Melihat ayahnya tersungkur tak berdaya, Florena yang baru saja terlepas dari cengkeraman seekor serigala Rogue betina pun mendekat untuk menolongnya. "Aarrgggh!" Dijejaknya kedua kaki Florena kuat-kuat ke tanah sebagai tolakan, lalu dihempaskan tendangannya ke kepala Rogue yang bersiap menghunjamkan taringnya pada ayahnya.
"GROAAARR!" Rogue itu terjengkal ke samping. Serigala gembel yang sudah kelaparan itu tidak mampu mengendalikan kepekaan panca inderanya lagi, sehingga ia tak sadar akan kedatangan serangan betina muda itu dari arah kiri. Ia meraung kesakitan dengan penuh amarah.
"Betina jalang sialan!" umpatnya melalui telepati.

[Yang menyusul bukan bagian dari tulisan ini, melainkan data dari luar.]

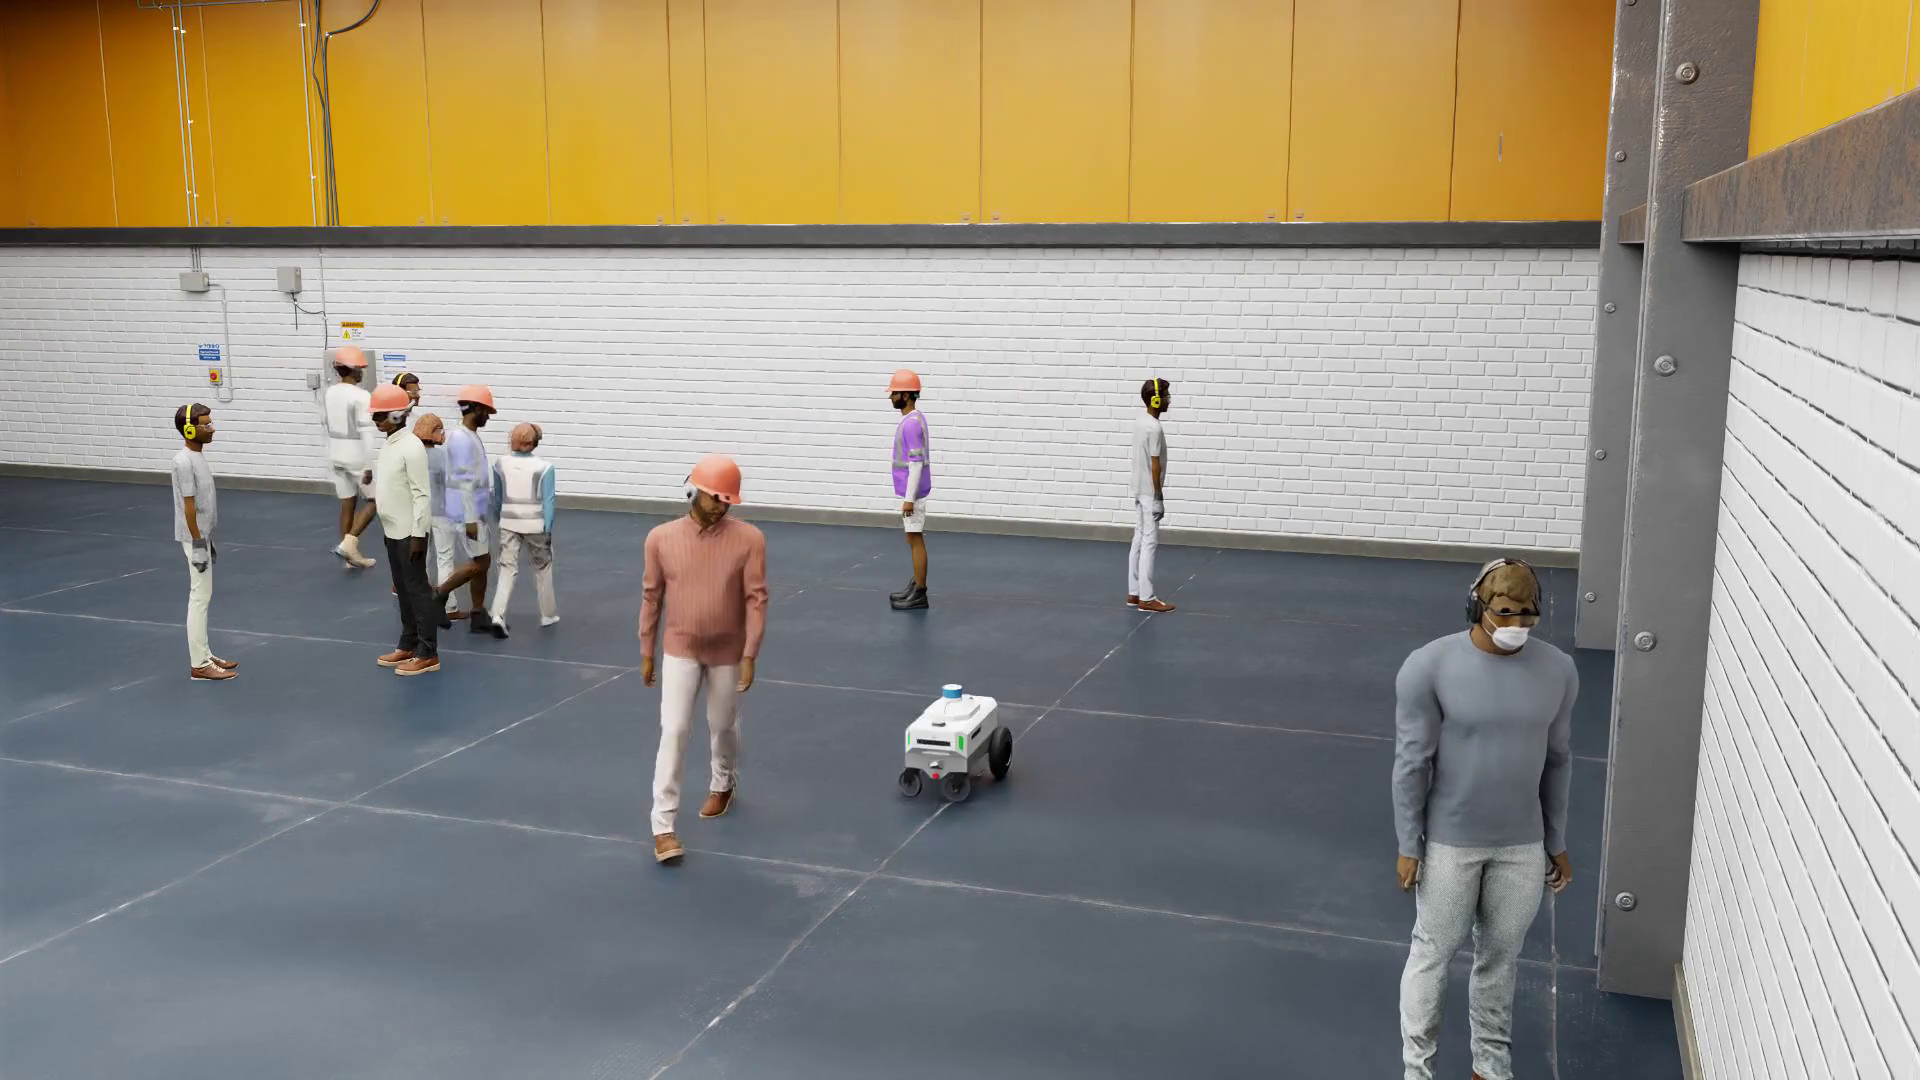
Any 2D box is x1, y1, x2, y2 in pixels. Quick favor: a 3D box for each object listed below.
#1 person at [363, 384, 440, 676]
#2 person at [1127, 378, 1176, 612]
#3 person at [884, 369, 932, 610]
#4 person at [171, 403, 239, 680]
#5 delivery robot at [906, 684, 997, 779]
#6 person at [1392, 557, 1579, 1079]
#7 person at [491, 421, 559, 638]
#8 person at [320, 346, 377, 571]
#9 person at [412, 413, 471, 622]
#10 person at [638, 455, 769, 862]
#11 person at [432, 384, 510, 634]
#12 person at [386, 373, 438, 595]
[{"bbox_3d":[-3.818,-0.074,11.373,0.396,1.990,0.622,-8,13,-36],"label":"person"},{"bbox_3d":[1.532,-0.365,13.358,0.331,1.872,0.513,-2,10,-12],"label":"person"},{"bbox_3d":[-0.418,-0.403,13.380,0.378,1.938,0.547,0,10,-1],"label":"person"},{"bbox_3d":[-5.122,0.009,11.250,0.329,1.873,0.512,-4,11,-20],"label":"person"},{"bbox_3d":[-0.041,1.024,8.971,0.477,0.478,0.707,3,10,16],"label":"delivery robot"},{"bbox_3d":[1.728,0.999,5.498,0.627,1.934,0.370,-2,10,-9],"label":"person"},{"bbox_3d":[-3.297,-0.081,12.495,0.513,1.607,0.774,1,10,6],"label":"person"},{"bbox_3d":[-5.445,-0.718,14.887,0.609,2.030,0.483,5,11,27],"label":"person"},{"bbox_3d":[-4.087,-0.171,12.928,0.498,1.633,0.285,3,11,17],"label":"person"},{"bbox_3d":[-1.259,0.528,8.191,0.641,1.933,0.985,-1,10,-7],"label":"person"},{"bbox_3d":[-3.720,-0.212,12.427,0.557,1.896,0.573,-1,10,-6],"label":"person"},{"bbox_3d":[-4.616,-0.467,13.935,0.309,1.868,0.535,1,10,5],"label":"person"}]

Florena yang setengah jalan hendak membantu ayahnya berdiri itu langsung tegak daun telinganya mendengarkan umpatan tersebut. Tanpa persetujuan Magnus, putri bungsunya itu sudah berbalik badan lagi dan siap menyerang manusia serigala gelandangan tadi.
Radar telepati Rey menangkap pergerakan calon Lunanya itu dan segera menyapu pandangannya ke segala arah. Pemuda itu berupaya menemukan sang gadis untuk menolongnya.
Florena sudah bergerak menamparkan cakarnya ke muka Rogue yang masih terbaring. Sayang, dengan sigap, serigala beringas itu menyergap lengan Flo lalu menggigitnya. "AUUUUUU!" Flo melolong lantang kesakitan.
Beruntung sebelum darahnya menetes, Rey datang secepat angin dan menjambak Rogue itu dari belakang kepalanya. Rahang Rogue itu ternganga, menjatuhkan lengan Florena bebas. Serigala betina itu terhuyung ke belakang dan ditangkap Magnus yang sudah tertatih berdiri.
Belum sempat mereka memulihkan keadaan, bekas gigitan di lengan Florena mulai merembeskan darah. Segera saja hal itu menarik perhatian semua anggota kawanan Rogue jahat. Mereka menoleh ke titik yang sama, Florena.
Mengetahui hal itu, Helga, Luna dari kawanan Black Fur segera melesat ke arah berlawanan. Ia masuk ke dalam tenda utamanya dan mencari apa saja untuk menghentikan pendarahan. Malang, langkahnya terjegal oleh seorang Rogue betina yang terkapar di tanah. Semua anggota Rogue yang jahat seolah terisi ulang lagi energinya begitu mencium aroma darah manusia serigala murni.
"ARRGGHH!" Helga meraung ketika tersungkur ke tanah. Si Rogue betina pun segera bangkit dan lompat menindih punggungnya.
Aksel yang baru saja ditempeleng oleh seorang Rogue kurus, telinganya berdering. Ia tidak sepenuhnya yakin suara ibunya yang didengarnya barusan. Namun, radarnya menangkap sinyal bahaya dari seluruh anggota keluarga intinya.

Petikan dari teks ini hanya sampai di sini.